A new report shows toxins from suppliers to companies like Tyson Foods are pouring into waterways, causing marine life to leave or die
The global meat industry, already implicated in driving global warming and deforestation, has now been blamed for fueling what is expected to be the worst “dead zone” on record in the Gulf of Mexico.
Toxins from manure and fertiliser pouring into waterways are exacerbating huge, harmful algal blooms that create oxygen-deprived stretches of the gulf, the Great Lakes and Chesapeake Bay, according to a new report by Mighty, an environmental group chaired by former congressman Henry Waxman.
It is expected that the National Oceanic and Atmospheric Administration (Noaa) will this week announce the largest ever recorded dead zone in the Gulf of Mexico.
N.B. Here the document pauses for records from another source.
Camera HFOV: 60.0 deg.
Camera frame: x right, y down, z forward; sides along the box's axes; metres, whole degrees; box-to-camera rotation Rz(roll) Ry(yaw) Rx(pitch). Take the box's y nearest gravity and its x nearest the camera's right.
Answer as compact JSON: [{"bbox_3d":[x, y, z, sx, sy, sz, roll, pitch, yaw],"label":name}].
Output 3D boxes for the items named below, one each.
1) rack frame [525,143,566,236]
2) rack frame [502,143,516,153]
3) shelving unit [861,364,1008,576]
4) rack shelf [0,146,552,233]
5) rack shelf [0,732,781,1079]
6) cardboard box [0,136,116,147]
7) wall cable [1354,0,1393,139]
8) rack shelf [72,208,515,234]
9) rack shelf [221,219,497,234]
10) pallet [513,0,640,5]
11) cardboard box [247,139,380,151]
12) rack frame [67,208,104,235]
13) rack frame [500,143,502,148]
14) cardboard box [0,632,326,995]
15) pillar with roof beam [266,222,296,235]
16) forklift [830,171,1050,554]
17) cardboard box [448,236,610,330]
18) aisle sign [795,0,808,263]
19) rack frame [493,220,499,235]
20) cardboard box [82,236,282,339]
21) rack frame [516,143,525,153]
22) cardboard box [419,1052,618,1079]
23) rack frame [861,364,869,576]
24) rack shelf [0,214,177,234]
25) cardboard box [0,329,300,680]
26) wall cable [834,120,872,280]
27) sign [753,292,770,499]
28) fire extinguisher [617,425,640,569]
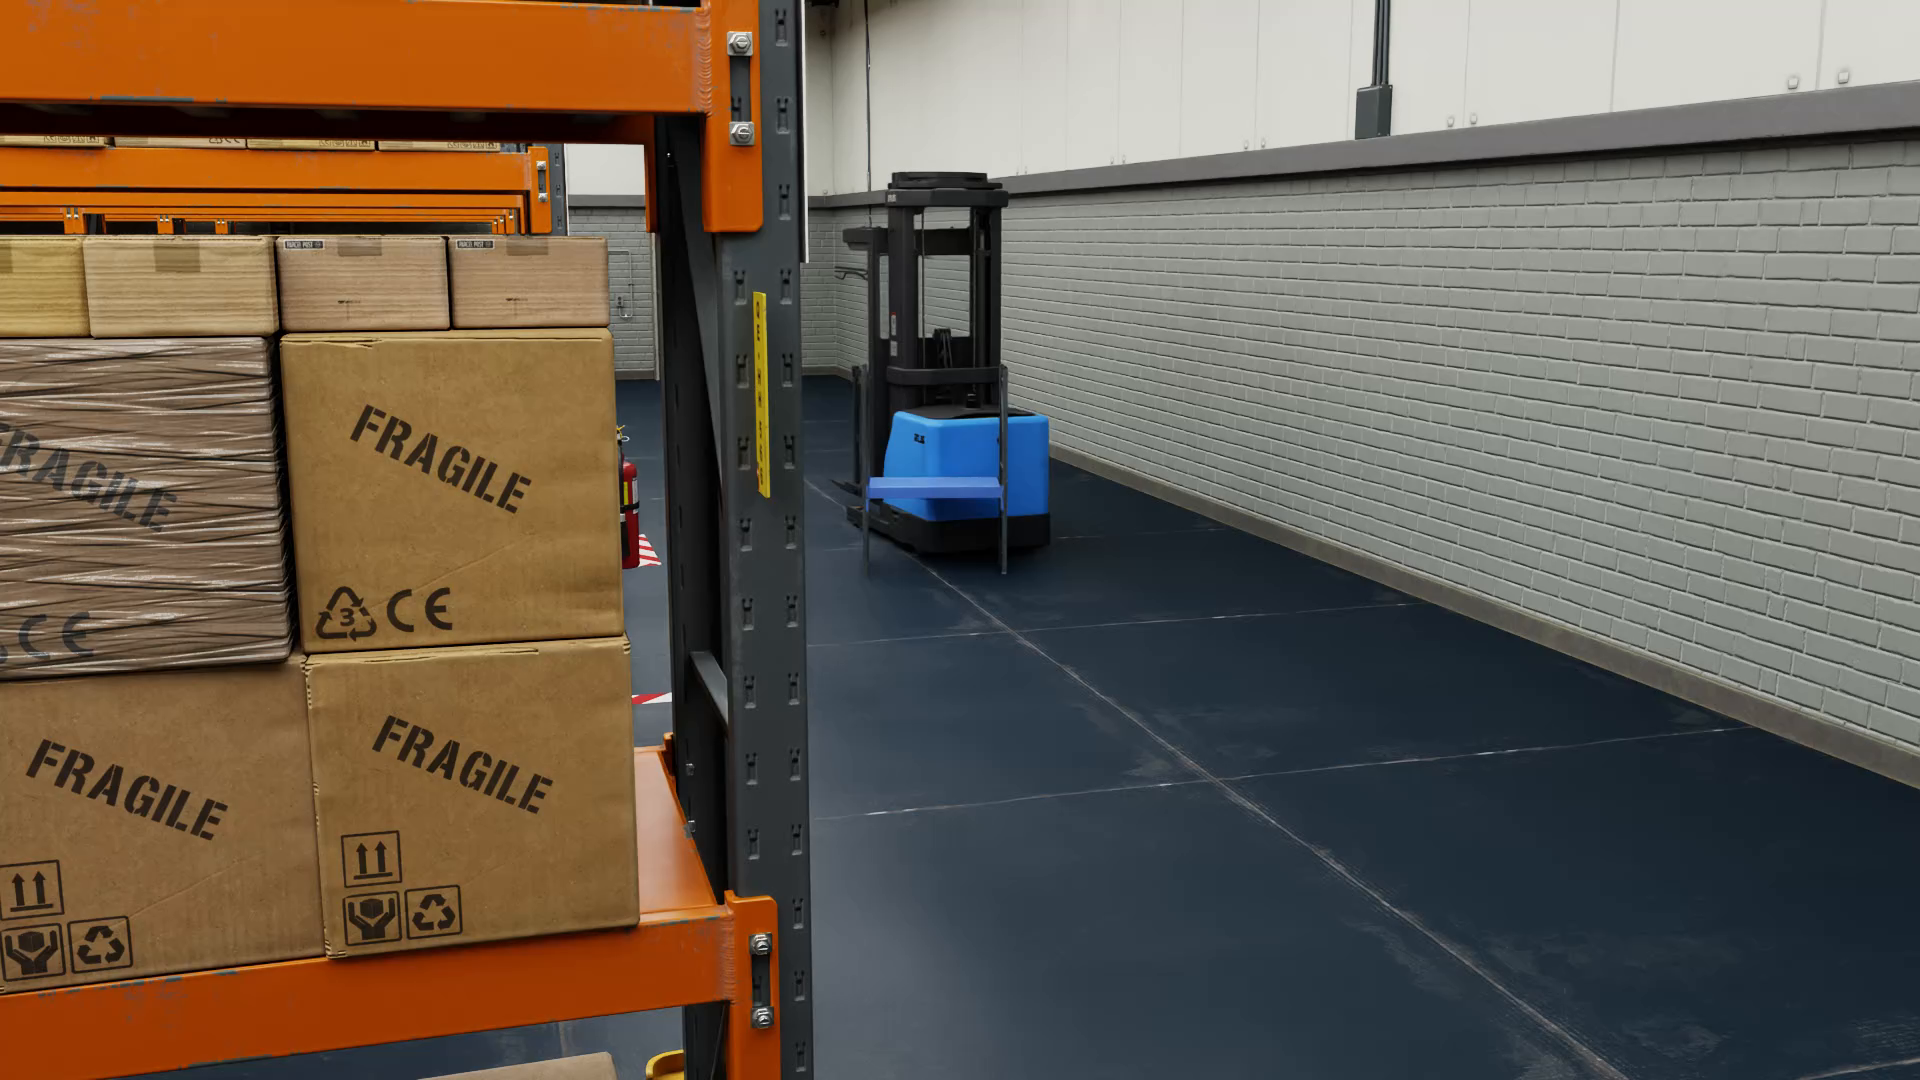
[{"bbox_3d":[-1.940,-0.499,7.973,0.127,3.000,1.000,-3,11,-16],"label":"rack frame"},{"bbox_3d":[-4.613,-5.178,16.818,0.127,3.000,1.000,-3,11,-16],"label":"rack frame"},{"bbox_3d":[-0.190,-0.526,12.259,1.048,1.500,0.538,0,11,-2],"label":"shelving unit"},{"bbox_3d":[-3.860,-1.519,7.216,4.000,0.370,1.077,-3,11,-16],"label":"rack shelf"},{"bbox_3d":[-2.379,0.811,2.841,4.000,0.370,1.077,-3,11,-16],"label":"rack shelf"},{"bbox_3d":[-3.775,-1.751,6.904,0.500,0.250,0.500,-3,11,-13],"label":"cardboard box"},{"bbox_3d":[3.164,-5.586,10.149,0.120,5.999,2.277,-3,11,-16],"label":"wall cable"},{"bbox_3d":[-6.534,-3.248,16.605,4.000,0.370,1.077,-3,11,-16],"label":"rack shelf"},{"bbox_3d":[-9.303,-4.970,25.960,4.000,0.370,1.077,-3,11,-16],"label":"rack shelf"},{"bbox_3d":[-1.168,-1.036,2.849,1.213,0.211,1.003,-3,11,-16],"label":"pallet"},{"bbox_3d":[-2.790,-1.804,7.193,0.500,0.250,0.500,-3,11,-16],"label":"cardboard box"},{"bbox_3d":[-8.454,-2.025,16.261,0.127,3.000,1.000,-3,11,-16],"label":"rack frame"},{"bbox_3d":[-5.994,-6.039,21.496,0.127,3.000,1.000,-3,11,-16],"label":"rack frame"},{"bbox_3d":[-1.334,0.400,2.811,0.500,0.500,0.500,-3,11,-17],"label":"cardboard box"},{"bbox_3d":[-9.589,-6.135,22.017,0.548,9.000,9.100,-3,11,-16],"label":"pillar with roof beam"},{"bbox_3d":[-0.321,-1.559,13.919,1.130,2.935,3.031,-4,11,-22],"label":"forklift"},{"bbox_3d":[-0.748,-0.451,2.880,0.250,0.149,0.380,-3,11,-15],"label":"cardboard box"},{"bbox_3d":[-0.303,-0.872,2.818,0.004,0.787,0.394,-3,11,-16],"label":"aisle sign"},{"bbox_3d":[-7.382,-3.950,26.716,0.127,3.000,1.000,-3,11,-16],"label":"rack frame"},{"bbox_3d":[-1.209,-0.406,2.637,0.250,0.149,0.380,-3,11,-16],"label":"cardboard box"},{"bbox_3d":[-3.229,-4.317,12.141,0.127,3.000,1.000,-3,11,-16],"label":"rack frame"},{"bbox_3d":[-1.065,1.461,3.244,0.875,0.438,0.875,-3,11,-18],"label":"cardboard box"},{"bbox_3d":[-0.698,-0.523,12.242,0.032,1.500,0.500,0,11,-2],"label":"rack frame"},{"bbox_3d":[-11.755,-3.906,20.183,4.000,0.370,1.077,-3,11,-16],"label":"rack shelf"},{"bbox_3d":[-1.349,-0.087,2.698,0.500,0.500,0.500,-3,11,-16],"label":"cardboard box"},{"bbox_3d":[-1.852,-5.597,27.671,0.112,2.526,3.097,-3,11,-16],"label":"wall cable"},{"bbox_3d":[-0.321,-0.235,2.684,0.005,0.325,0.100,-3,11,-16],"label":"sign"},{"bbox_3d":[-1.569,-0.210,7.647,0.183,0.674,0.296,-3,11,-16],"label":"fire extinguisher"}]

It is expected to be larger than the nearly 8,200 square-mile area that was forecast for July – an expanse of water roughly the size of New Jersey.
Nutrients flowing into streams, rivers and the ocean from agriculture and wastewater stimulate an overgrowth of algae, which then decomposes. This results in hypoxia, or lack of oxygen, in the water, causing marine life either to flee or to die.
Some creatures, such as shrimp, suffer stunted growth. Algal blooms themselves can cause problems, as in Florida last summer when several beaches were closed after they became coated in foul-smelling green slime.
America’s vast appetite for meat is driving much of this harmful pollution, according to Mighty, which blamed a small number of businesses for practices that are “contaminating our water and destroying our landscape” in the heart of the country.